Ray.task(MyRayApp::myFunction).setResource("CPU", 1.0).setResource("GPU", 4.0).remote();
.. tabbed:: C++
.. code-block:: c++
// Specify required resources.
ray::Task(MyFunction).SetResource("CPU", 1.0).SetResource("GPU", 4.0).Remote();
.. note::
* If you do not specify any resources, the default is 1 CPU resource and
no other resources.
* If specifying CPUs, Ray does not enforce isolation (i.e., your task is
expected to honor its request).
* If specifying GPUs, Ray does provide isolation in forms of visible devices
(setting the environment variable ``CUDA_VISIBLE_DEVICES``), but it is the
task's responsibility to actually use the GPUs (e.g., through a deep
learning framework like TensorFlow or PyTorch).
The resource requirements of a task have implications for the Ray's scheduling
concurrency.
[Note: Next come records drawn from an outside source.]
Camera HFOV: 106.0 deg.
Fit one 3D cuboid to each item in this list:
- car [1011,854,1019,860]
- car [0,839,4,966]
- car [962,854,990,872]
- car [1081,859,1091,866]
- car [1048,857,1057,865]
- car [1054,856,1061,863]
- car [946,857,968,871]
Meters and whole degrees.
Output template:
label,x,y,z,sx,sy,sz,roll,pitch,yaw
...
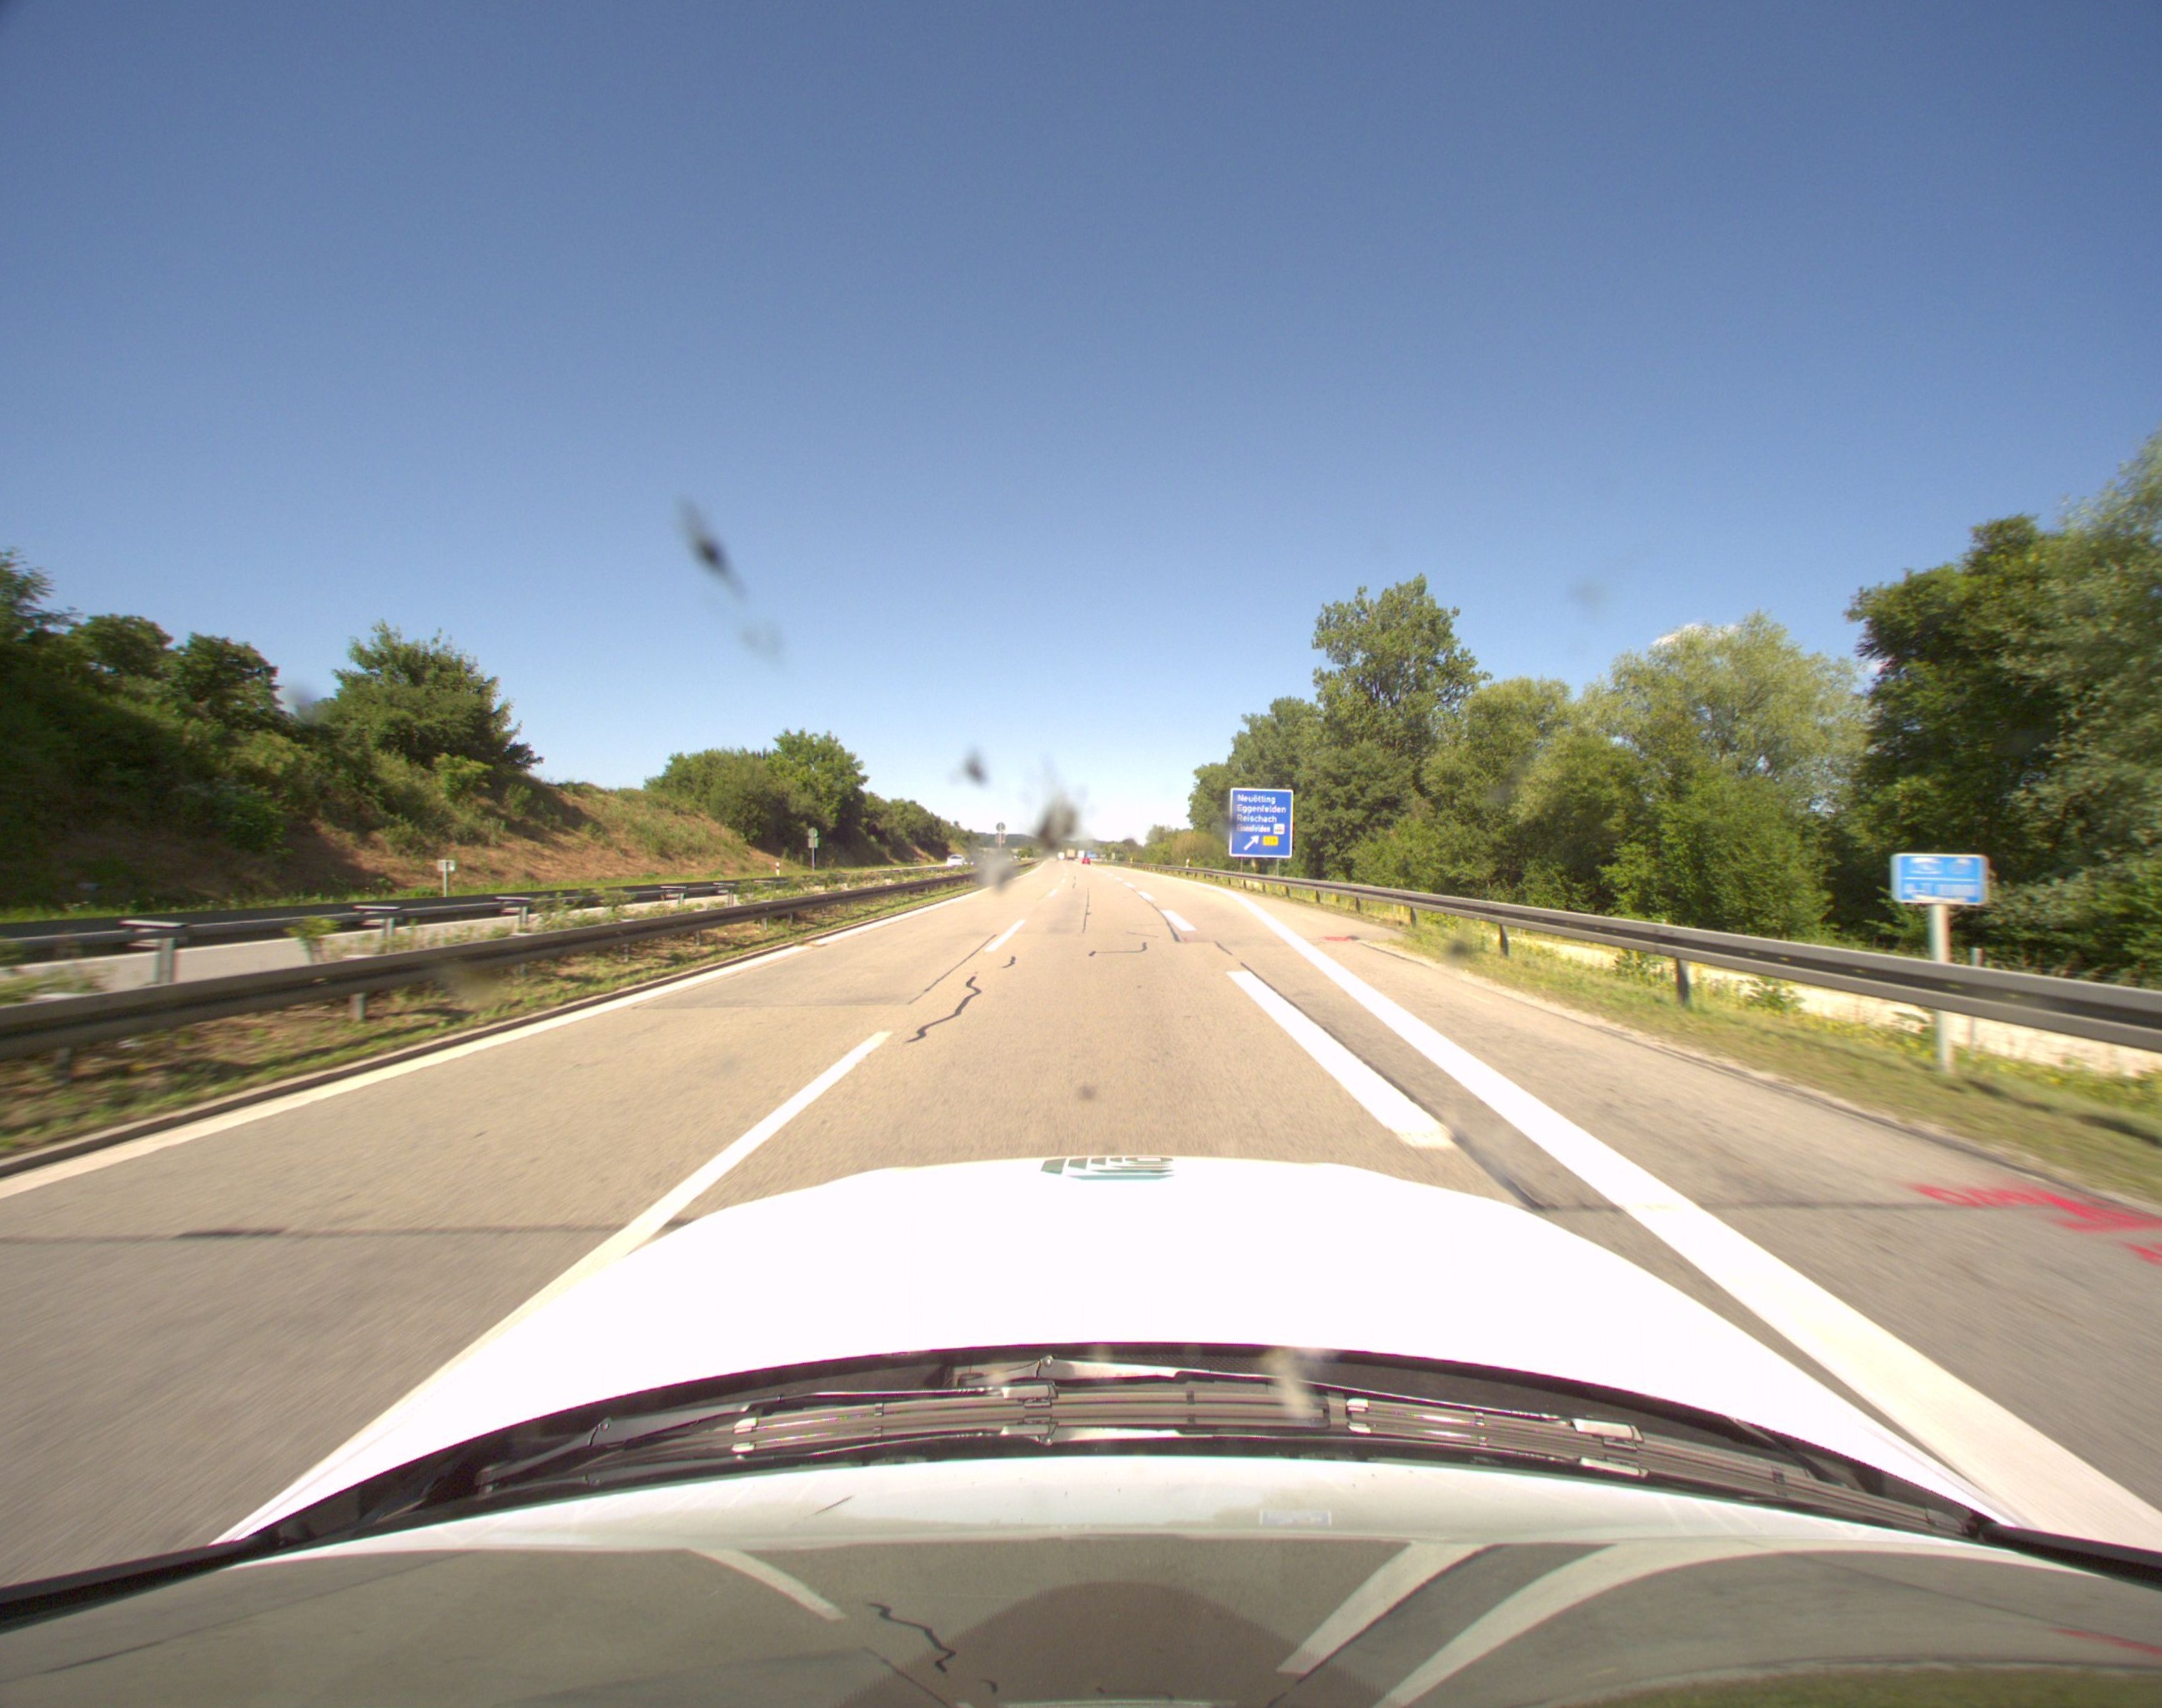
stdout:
label,x,y,z,sx,sy,sz,roll,pitch,yaw
car,-18.864,0.836,231.410,1.988,1.645,5.079,0,-1,-2
car,-10.688,0.542,4.946,1.638,1.455,4.908,0,-1,2
car,-9.748,0.836,75.991,1.987,1.545,4.675,-1,0,0
car,1.126,1.810,176.070,1.775,1.431,4.007,4,-1,7
car,-6.342,1.492,182.166,2.056,1.625,3.996,0,-3,-2
car,-6.794,1.560,235.241,1.988,1.750,3.997,2,0,-2
car,-13.903,1.102,91.301,1.834,1.439,4.410,0,0,-1
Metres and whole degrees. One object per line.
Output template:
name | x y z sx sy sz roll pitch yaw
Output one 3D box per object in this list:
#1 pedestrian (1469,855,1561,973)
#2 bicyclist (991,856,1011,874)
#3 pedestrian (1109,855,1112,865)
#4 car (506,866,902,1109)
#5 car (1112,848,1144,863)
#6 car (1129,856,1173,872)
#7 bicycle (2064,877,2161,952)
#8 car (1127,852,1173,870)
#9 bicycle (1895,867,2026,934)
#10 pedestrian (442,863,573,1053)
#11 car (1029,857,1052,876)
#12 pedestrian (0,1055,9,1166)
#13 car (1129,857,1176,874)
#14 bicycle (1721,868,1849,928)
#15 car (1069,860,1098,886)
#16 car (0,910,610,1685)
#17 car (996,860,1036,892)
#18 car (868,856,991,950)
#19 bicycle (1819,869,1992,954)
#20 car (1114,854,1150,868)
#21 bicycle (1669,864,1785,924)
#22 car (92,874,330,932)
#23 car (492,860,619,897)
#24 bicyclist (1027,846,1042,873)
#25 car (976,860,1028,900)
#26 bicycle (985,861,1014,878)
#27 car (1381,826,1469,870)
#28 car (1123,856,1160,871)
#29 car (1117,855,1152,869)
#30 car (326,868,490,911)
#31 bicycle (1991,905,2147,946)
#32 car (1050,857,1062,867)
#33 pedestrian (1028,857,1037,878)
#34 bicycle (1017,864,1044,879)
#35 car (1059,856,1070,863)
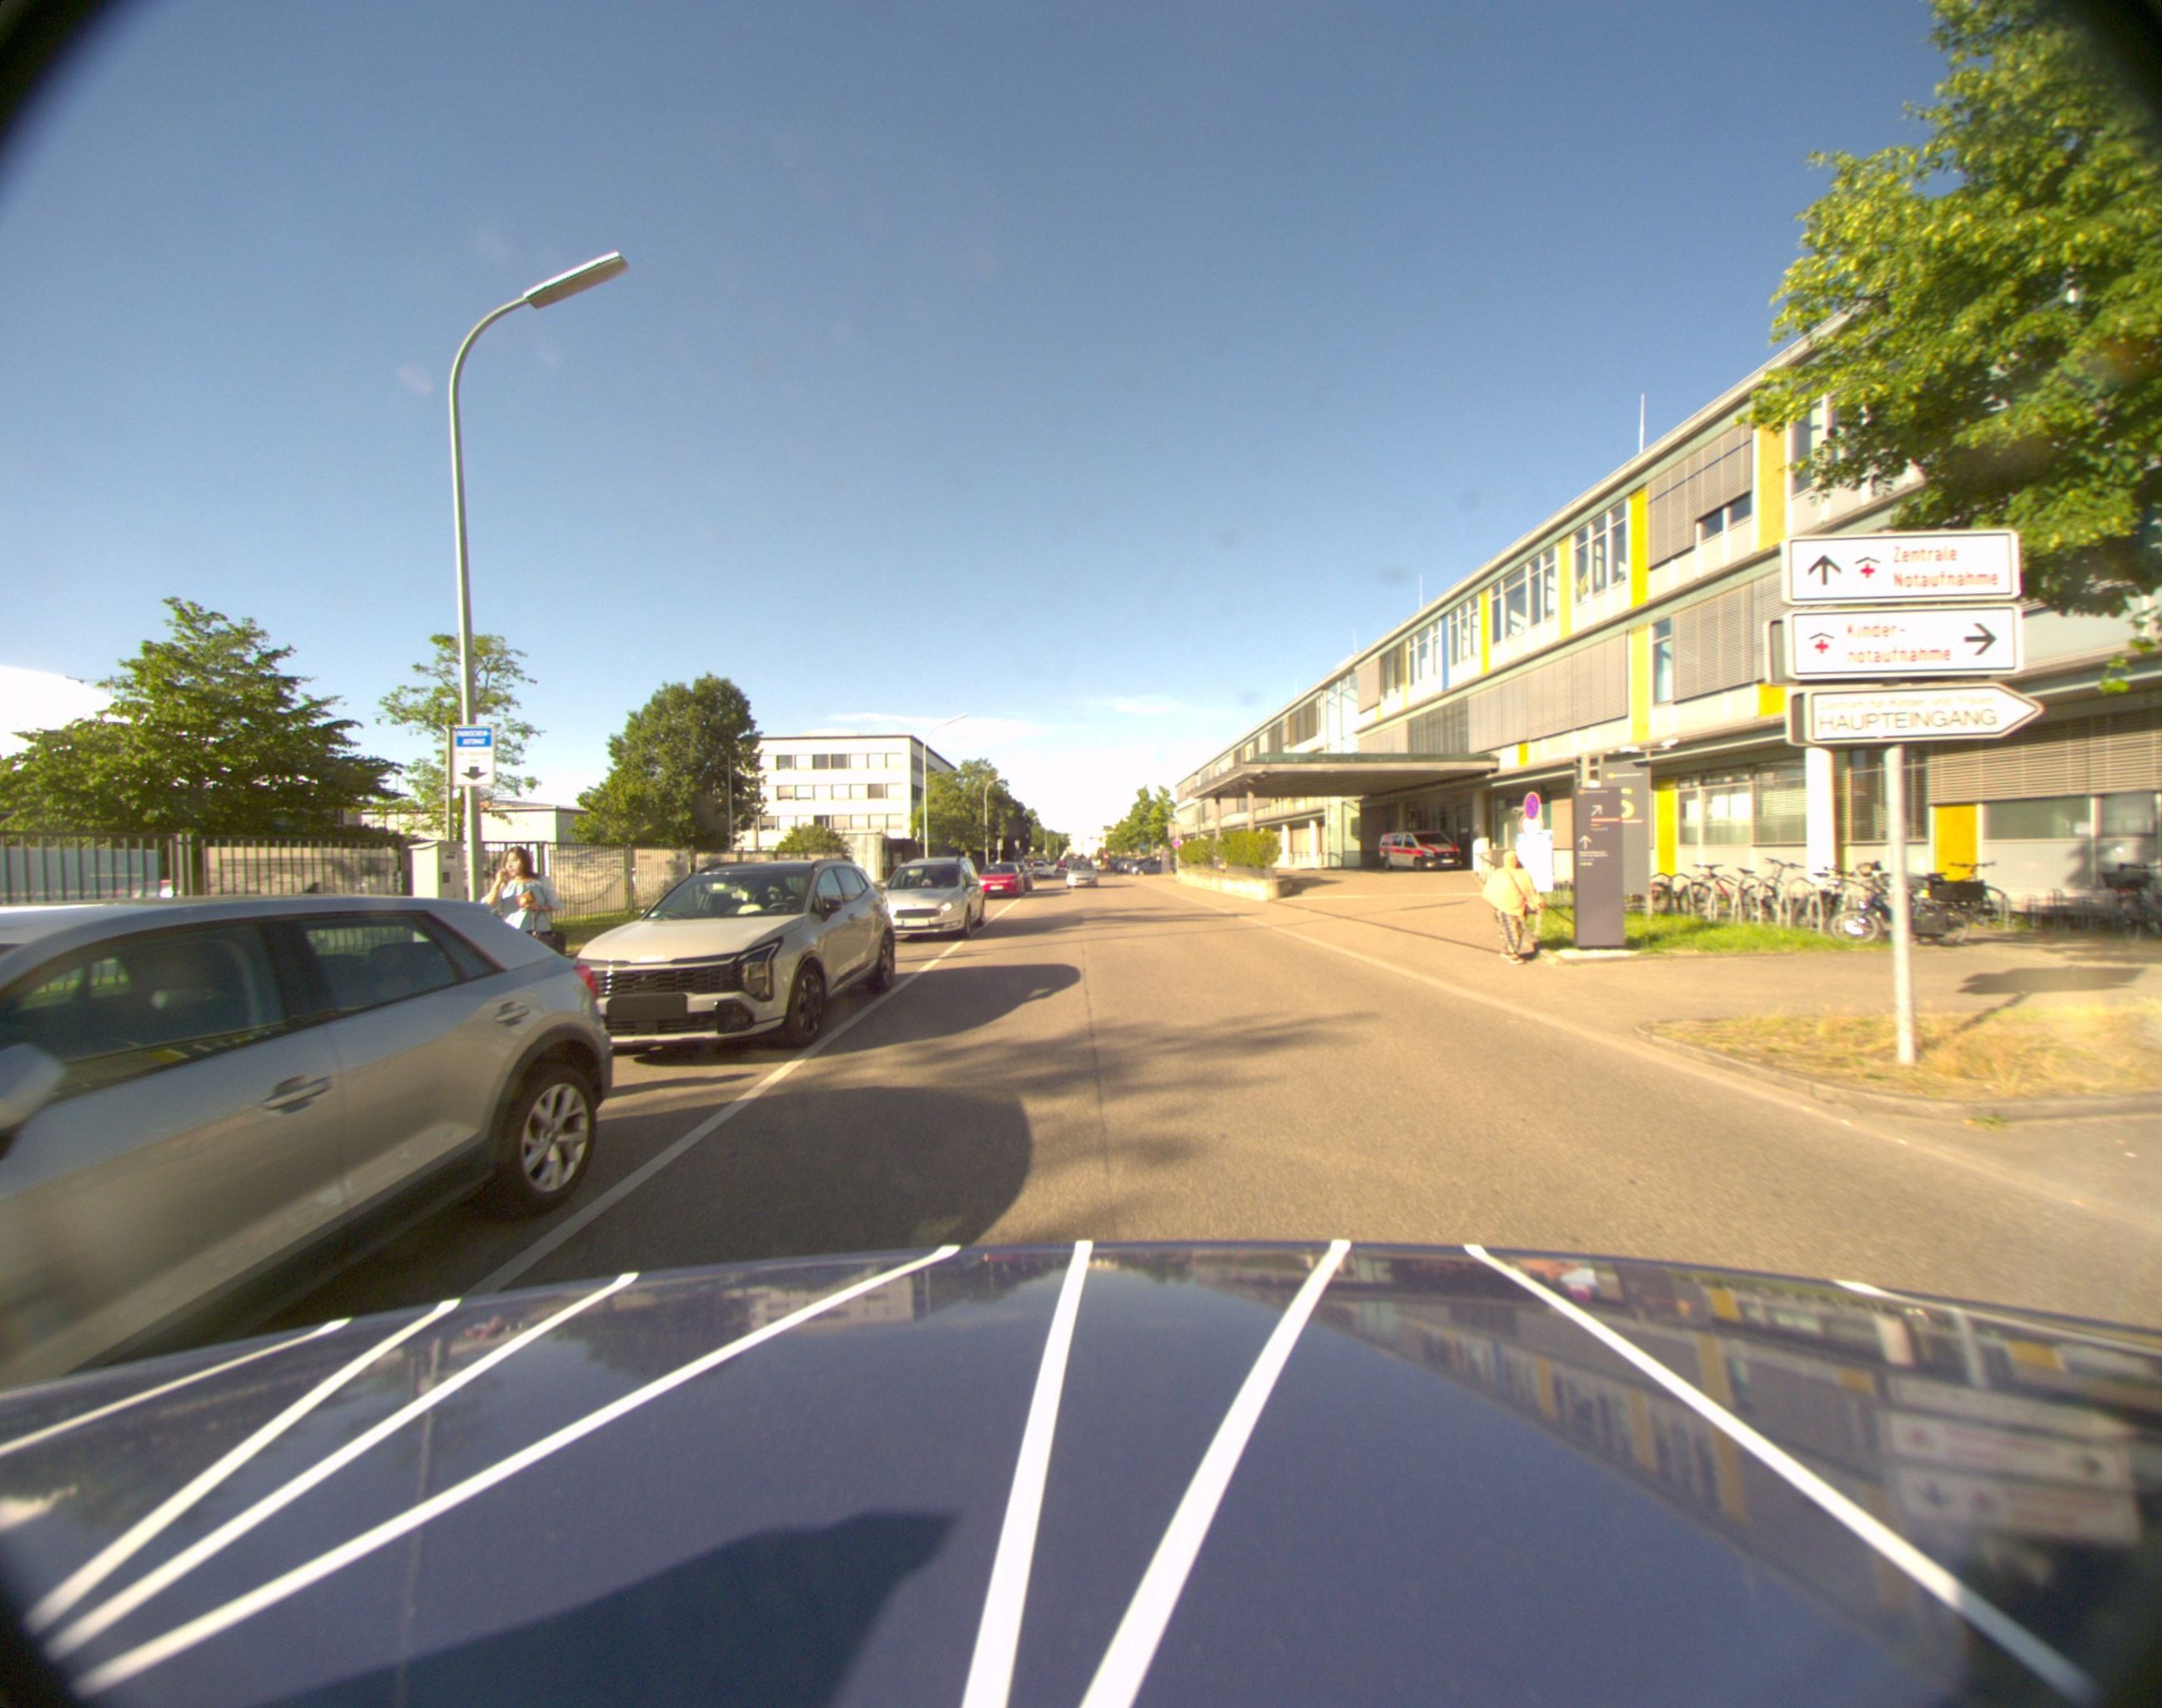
pedestrian | 5.995 0.801 10.539 0.774 1.540 0.780 -3 1 0
bicyclist | -5.602 0.778 53.206 1.098 1.261 0.863 -1 0 15
pedestrian | 4.821 0.992 123.747 0.369 1.712 0.479 -3 5 -4
car | -3.197 0.983 7.587 1.705 1.597 4.352 -3 0 0
car | 6.726 0.211 107.977 4.359 1.852 2.000 -3 0 1
car | 6.683 0.976 72.909 3.998 1.429 1.730 -2 0 -3
bicycle | 14.959 0.833 10.644 1.719 0.988 0.536 -1 0 -1
car | 6.812 0.716 75.364 4.232 1.642 1.960 -1 0 -3
bicycle | 15.421 0.804 13.339 1.719 1.117 0.536 -1 0 -1
pedestrian | -5.154 0.902 6.862 0.540 1.602 0.683 -3 1 5
car | -3.505 1.078 66.545 1.668 1.505 4.114 -3 0 0
pedestrian | -5.767 0.744 3.595 0.521 1.699 0.523 -3 1 3
car | 6.590 1.066 70.322 4.142 1.458 1.753 -2 0 -2
bicycle | 11.897 0.739 12.865 1.719 0.968 0.536 -1 0 -2
car | 0.161 1.048 43.248 1.551 1.389 3.454 0 0 1
car | -3.182 1.057 1.831 1.705 1.479 3.979 -3 0 -3
car | -3.304 1.090 39.048 1.705 1.478 4.214 -3 0 -1
car | -3.182 0.951 16.914 1.814 1.712 4.703 -3 0 -1
bicycle | 11.320 0.781 10.465 1.706 1.115 0.536 -1 0 5
car | 6.618 0.888 98.134 4.361 1.618 1.999 -3 1 -4
bicycle | 11.906 0.727 14.022 1.719 1.049 0.536 -1 0 -2
car | -23.519 1.286 20.674 4.154 1.245 1.828 -3 0 -3
car | -25.384 1.170 36.861 4.642 1.658 1.999 -1 0 -6
bicyclist | -3.467 0.404 56.347 1.052 2.001 0.959 1 -1 -3
car | -3.363 1.066 33.242 1.814 1.501 4.721 -3 0 -1
bicycle | -5.682 1.058 53.082 1.899 1.136 0.668 0 0 15
car | 16.000 -0.266 35.638 1.924 1.880 4.711 -1 0 -1
car | 6.793 1.040 85.467 3.992 1.480 1.823 -3 1 -2
car | 6.503 0.938 92.541 4.102 1.414 1.823 -3 1 -2
car | -24.417 1.263 27.682 4.154 1.245 1.878 -3 0 -3
bicycle | 14.913 1.072 11.488 1.719 0.548 0.536 -1 0 -1
car | -3.953 1.204 120.386 1.824 1.435 4.294 -3 0 0
pedestrian | -4.043 1.125 63.088 0.693 1.718 0.775 0 0 -1
bicycle | -3.738 1.310 56.309 1.884 1.001 0.702 3 -7 -2
car | -3.279 1.121 152.356 1.999 1.382 3.998 0 0 -5

In particular, the sum of the resource requirements of all of the
concurrently executing tasks on a given node cannot exceed the node's total
resources.
Below are more examples of resource specifications:
.. tabbed:: Python
.. code-block:: python
# Ray also supports fractional resource requirements.
@ray.remote(num_gpus=0.5)
def h():
return 1
# Ray support custom resources too.
@ray.remote(resources={'Custom': 1})
def f():
return 1
.. tabbed:: Java
.. code-block:: java
// Ray aslo supports fractional and custom resources.
Ray.task(MyRayApp::myFunction).setResource("GPU", 0.5).setResource("Custom", 1.0).remote();
.. tabbed:: C++
.. code-block:: c++
// Ray aslo supports fractional and custom resources.
ray::Task(MyFunction).SetResource("GPU", 0.5).SetResource("Custom", 1.0).Remote();
.. tip::
Besides compute resources, you can also specify an environment for a task to run in,
which can include Python packages, local files, environment variables, and more---see :ref:`Runtime Environments <runtime-environments>` for details.